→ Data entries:

*****

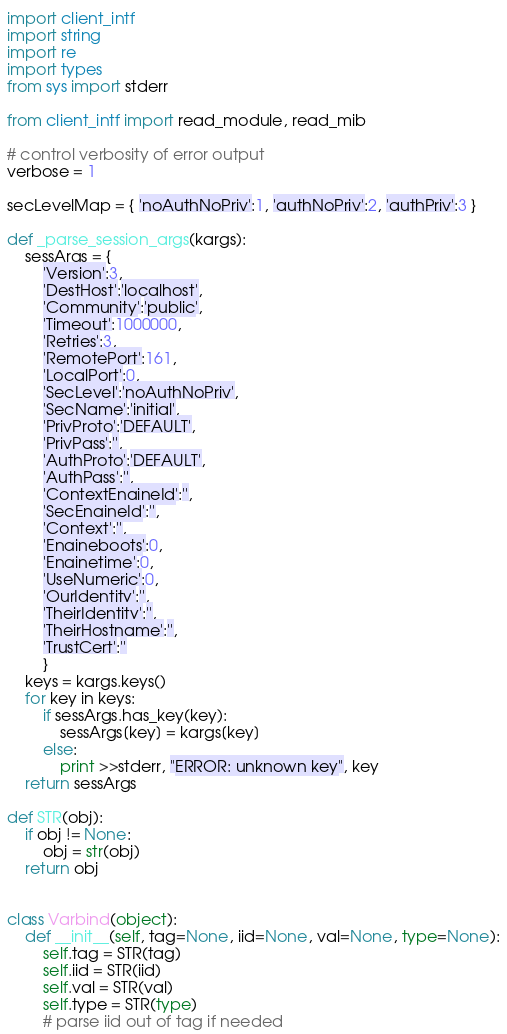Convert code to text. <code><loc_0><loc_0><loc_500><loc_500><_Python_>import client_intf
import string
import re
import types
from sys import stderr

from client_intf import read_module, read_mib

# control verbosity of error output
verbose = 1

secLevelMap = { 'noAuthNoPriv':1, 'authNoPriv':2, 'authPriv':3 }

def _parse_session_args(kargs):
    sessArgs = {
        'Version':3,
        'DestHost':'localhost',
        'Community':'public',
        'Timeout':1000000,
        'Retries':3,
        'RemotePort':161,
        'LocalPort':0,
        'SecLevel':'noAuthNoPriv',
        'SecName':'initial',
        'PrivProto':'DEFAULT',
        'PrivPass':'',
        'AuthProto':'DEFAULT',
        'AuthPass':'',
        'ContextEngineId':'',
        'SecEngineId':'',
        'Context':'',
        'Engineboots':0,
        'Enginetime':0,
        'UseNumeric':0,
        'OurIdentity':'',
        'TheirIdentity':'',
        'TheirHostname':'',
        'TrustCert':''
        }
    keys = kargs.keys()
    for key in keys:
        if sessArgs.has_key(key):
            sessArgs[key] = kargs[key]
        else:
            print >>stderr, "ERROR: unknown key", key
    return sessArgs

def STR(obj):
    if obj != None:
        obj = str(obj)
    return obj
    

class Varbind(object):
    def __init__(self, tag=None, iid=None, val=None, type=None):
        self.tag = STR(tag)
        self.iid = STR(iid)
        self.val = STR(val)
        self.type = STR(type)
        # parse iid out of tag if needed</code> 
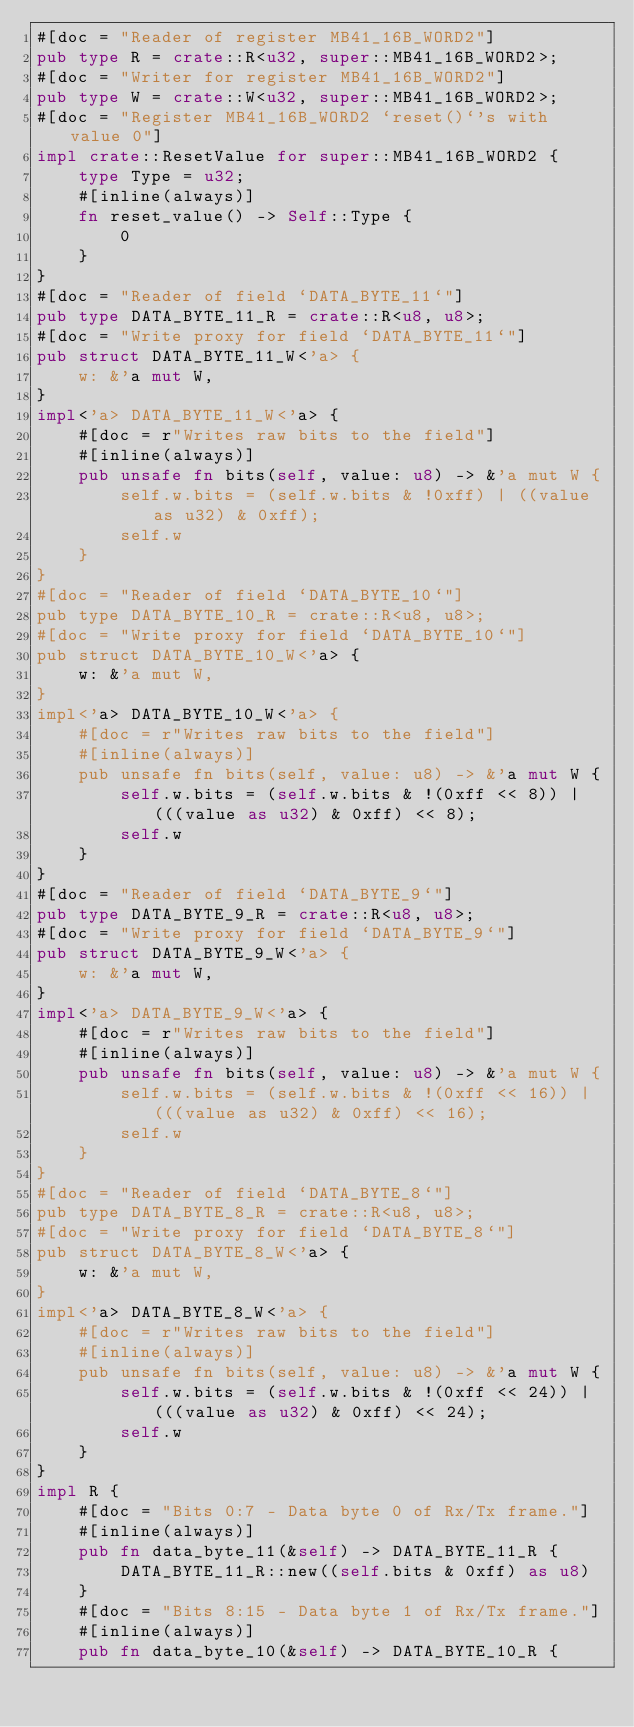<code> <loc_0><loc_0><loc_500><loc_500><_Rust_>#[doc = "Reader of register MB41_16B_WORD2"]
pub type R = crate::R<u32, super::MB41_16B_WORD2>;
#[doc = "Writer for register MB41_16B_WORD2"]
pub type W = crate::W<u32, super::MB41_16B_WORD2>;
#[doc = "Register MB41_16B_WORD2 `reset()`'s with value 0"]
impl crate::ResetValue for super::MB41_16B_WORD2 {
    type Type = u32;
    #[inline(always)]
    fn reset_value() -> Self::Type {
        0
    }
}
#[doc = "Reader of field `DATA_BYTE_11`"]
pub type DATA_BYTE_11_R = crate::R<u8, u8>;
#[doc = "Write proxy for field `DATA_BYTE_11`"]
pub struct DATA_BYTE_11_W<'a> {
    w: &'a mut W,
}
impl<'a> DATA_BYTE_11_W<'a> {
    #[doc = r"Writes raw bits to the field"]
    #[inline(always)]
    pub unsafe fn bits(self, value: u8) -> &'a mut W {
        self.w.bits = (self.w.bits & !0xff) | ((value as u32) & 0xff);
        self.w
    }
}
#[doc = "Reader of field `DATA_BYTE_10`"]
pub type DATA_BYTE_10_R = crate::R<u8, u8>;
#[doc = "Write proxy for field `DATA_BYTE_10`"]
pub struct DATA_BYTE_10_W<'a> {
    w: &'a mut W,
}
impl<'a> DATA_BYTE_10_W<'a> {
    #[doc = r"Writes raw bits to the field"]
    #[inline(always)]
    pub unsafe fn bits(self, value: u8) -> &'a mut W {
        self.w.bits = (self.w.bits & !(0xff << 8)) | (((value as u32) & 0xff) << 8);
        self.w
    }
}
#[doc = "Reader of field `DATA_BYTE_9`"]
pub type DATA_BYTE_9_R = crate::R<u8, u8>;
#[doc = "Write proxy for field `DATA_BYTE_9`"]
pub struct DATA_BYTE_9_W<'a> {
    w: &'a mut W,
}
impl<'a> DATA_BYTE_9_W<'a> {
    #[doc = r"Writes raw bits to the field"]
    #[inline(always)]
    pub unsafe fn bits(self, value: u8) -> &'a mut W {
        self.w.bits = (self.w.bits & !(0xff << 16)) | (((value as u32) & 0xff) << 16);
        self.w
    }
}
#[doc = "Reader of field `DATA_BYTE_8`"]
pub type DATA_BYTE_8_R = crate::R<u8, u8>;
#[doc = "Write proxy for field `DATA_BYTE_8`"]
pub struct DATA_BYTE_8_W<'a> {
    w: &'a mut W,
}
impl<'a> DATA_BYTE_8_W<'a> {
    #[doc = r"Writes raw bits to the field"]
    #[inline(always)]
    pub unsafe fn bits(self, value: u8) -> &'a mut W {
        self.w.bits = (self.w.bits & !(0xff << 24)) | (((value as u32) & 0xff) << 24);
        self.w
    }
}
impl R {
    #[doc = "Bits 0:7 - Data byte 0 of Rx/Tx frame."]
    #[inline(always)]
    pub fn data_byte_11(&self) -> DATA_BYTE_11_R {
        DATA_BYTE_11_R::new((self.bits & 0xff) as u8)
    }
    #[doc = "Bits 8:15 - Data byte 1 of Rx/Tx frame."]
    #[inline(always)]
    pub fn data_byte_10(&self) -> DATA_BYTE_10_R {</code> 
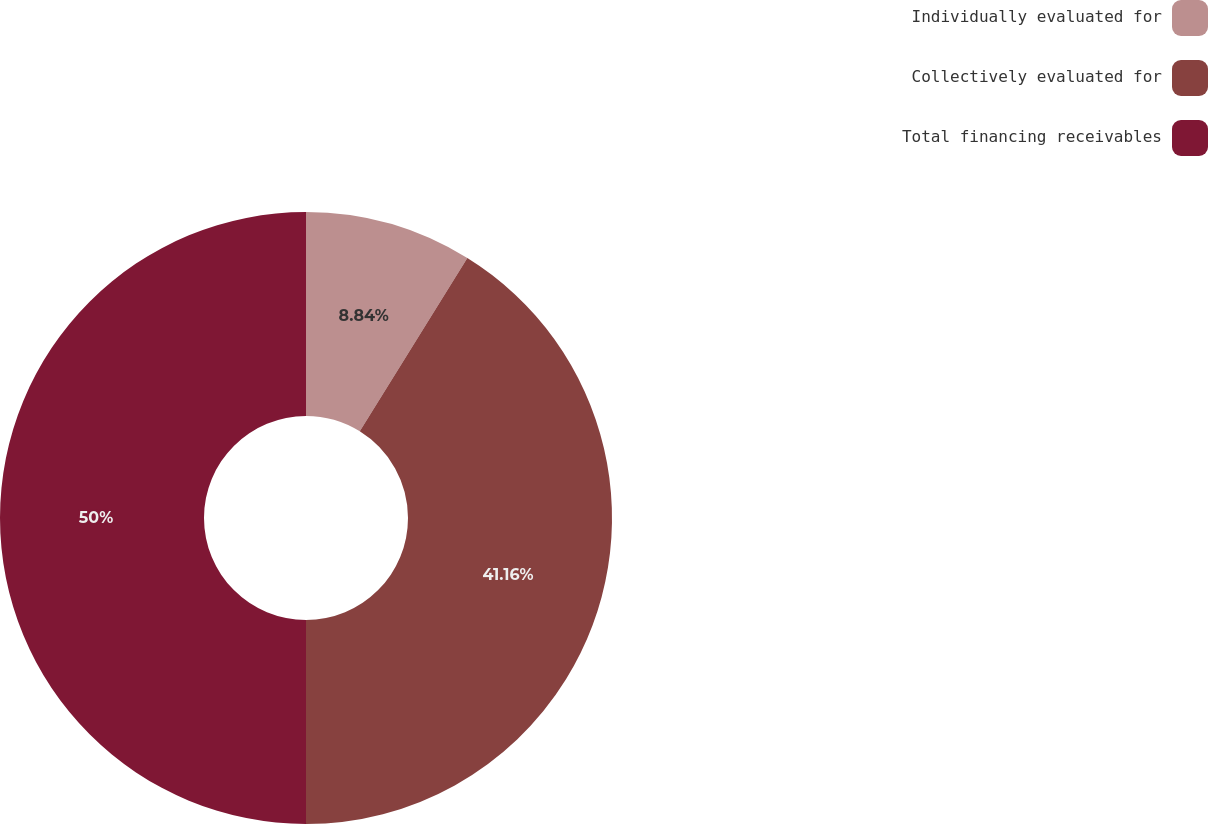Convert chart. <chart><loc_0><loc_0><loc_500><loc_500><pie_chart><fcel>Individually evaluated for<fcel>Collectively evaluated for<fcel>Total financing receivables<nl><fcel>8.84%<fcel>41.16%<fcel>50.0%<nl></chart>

*****

→ TASK DIRECTIONS: All of the records above must be copied exactly, except for the pictures.

→ OUTPUT FOR THIS TASK:
Convert code to text. <code><loc_0><loc_0><loc_500><loc_500><_Python_>import client_intf
import string
import re
import types
from sys import stderr

from client_intf import read_module, read_mib

# control verbosity of error output
verbose = 1

secLevelMap = { 'noAuthNoPriv':1, 'authNoPriv':2, 'authPriv':3 }

def _parse_session_args(kargs):
    sessArgs = {
        'Version':3,
        'DestHost':'localhost',
        'Community':'public',
        'Timeout':1000000,
        'Retries':3,
        'RemotePort':161,
        'LocalPort':0,
        'SecLevel':'noAuthNoPriv',
        'SecName':'initial',
        'PrivProto':'DEFAULT',
        'PrivPass':'',
        'AuthProto':'DEFAULT',
        'AuthPass':'',
        'ContextEngineId':'',
        'SecEngineId':'',
        'Context':'',
        'Engineboots':0,
        'Enginetime':0,
        'UseNumeric':0,
        'OurIdentity':'',
        'TheirIdentity':'',
        'TheirHostname':'',
        'TrustCert':''
        }
    keys = kargs.keys()
    for key in keys:
        if sessArgs.has_key(key):
            sessArgs[key] = kargs[key]
        else:
            print >>stderr, "ERROR: unknown key", key
    return sessArgs

def STR(obj):
    if obj != None:
        obj = str(obj)
    return obj
    

class Varbind(object):
    def __init__(self, tag=None, iid=None, val=None, type=None):
        self.tag = STR(tag)
        self.iid = STR(iid)
        self.val = STR(val)
        self.type = STR(type)
        # parse iid out of tag if needed</code> 
<code> <loc_0><loc_0><loc_500><loc_500><_Rust_>#[doc = "Reader of register MB41_16B_WORD2"]
pub type R = crate::R<u32, super::MB41_16B_WORD2>;
#[doc = "Writer for register MB41_16B_WORD2"]
pub type W = crate::W<u32, super::MB41_16B_WORD2>;
#[doc = "Register MB41_16B_WORD2 `reset()`'s with value 0"]
impl crate::ResetValue for super::MB41_16B_WORD2 {
    type Type = u32;
    #[inline(always)]
    fn reset_value() -> Self::Type {
        0
    }
}
#[doc = "Reader of field `DATA_BYTE_11`"]
pub type DATA_BYTE_11_R = crate::R<u8, u8>;
#[doc = "Write proxy for field `DATA_BYTE_11`"]
pub struct DATA_BYTE_11_W<'a> {
    w: &'a mut W,
}
impl<'a> DATA_BYTE_11_W<'a> {
    #[doc = r"Writes raw bits to the field"]
    #[inline(always)]
    pub unsafe fn bits(self, value: u8) -> &'a mut W {
        self.w.bits = (self.w.bits & !0xff) | ((value as u32) & 0xff);
        self.w
    }
}
#[doc = "Reader of field `DATA_BYTE_10`"]
pub type DATA_BYTE_10_R = crate::R<u8, u8>;
#[doc = "Write proxy for field `DATA_BYTE_10`"]
pub struct DATA_BYTE_10_W<'a> {
    w: &'a mut W,
}
impl<'a> DATA_BYTE_10_W<'a> {
    #[doc = r"Writes raw bits to the field"]
    #[inline(always)]
    pub unsafe fn bits(self, value: u8) -> &'a mut W {
        self.w.bits = (self.w.bits & !(0xff << 8)) | (((value as u32) & 0xff) << 8);
        self.w
    }
}
#[doc = "Reader of field `DATA_BYTE_9`"]
pub type DATA_BYTE_9_R = crate::R<u8, u8>;
#[doc = "Write proxy for field `DATA_BYTE_9`"]
pub struct DATA_BYTE_9_W<'a> {
    w: &'a mut W,
}
impl<'a> DATA_BYTE_9_W<'a> {
    #[doc = r"Writes raw bits to the field"]
    #[inline(always)]
    pub unsafe fn bits(self, value: u8) -> &'a mut W {
        self.w.bits = (self.w.bits & !(0xff << 16)) | (((value as u32) & 0xff) << 16);
        self.w
    }
}
#[doc = "Reader of field `DATA_BYTE_8`"]
pub type DATA_BYTE_8_R = crate::R<u8, u8>;
#[doc = "Write proxy for field `DATA_BYTE_8`"]
pub struct DATA_BYTE_8_W<'a> {
    w: &'a mut W,
}
impl<'a> DATA_BYTE_8_W<'a> {
    #[doc = r"Writes raw bits to the field"]
    #[inline(always)]
    pub unsafe fn bits(self, value: u8) -> &'a mut W {
        self.w.bits = (self.w.bits & !(0xff << 24)) | (((value as u32) & 0xff) << 24);
        self.w
    }
}
impl R {
    #[doc = "Bits 0:7 - Data byte 0 of Rx/Tx frame."]
    #[inline(always)]
    pub fn data_byte_11(&self) -> DATA_BYTE_11_R {
        DATA_BYTE_11_R::new((self.bits & 0xff) as u8)
    }
    #[doc = "Bits 8:15 - Data byte 1 of Rx/Tx frame."]
    #[inline(always)]
    pub fn data_byte_10(&self) -> DATA_BYTE_10_R {</code> 
Convert chart. <chart><loc_0><loc_0><loc_500><loc_500><pie_chart><fcel>Individually evaluated for<fcel>Collectively evaluated for<fcel>Total financing receivables<nl><fcel>8.84%<fcel>41.16%<fcel>50.0%<nl></chart>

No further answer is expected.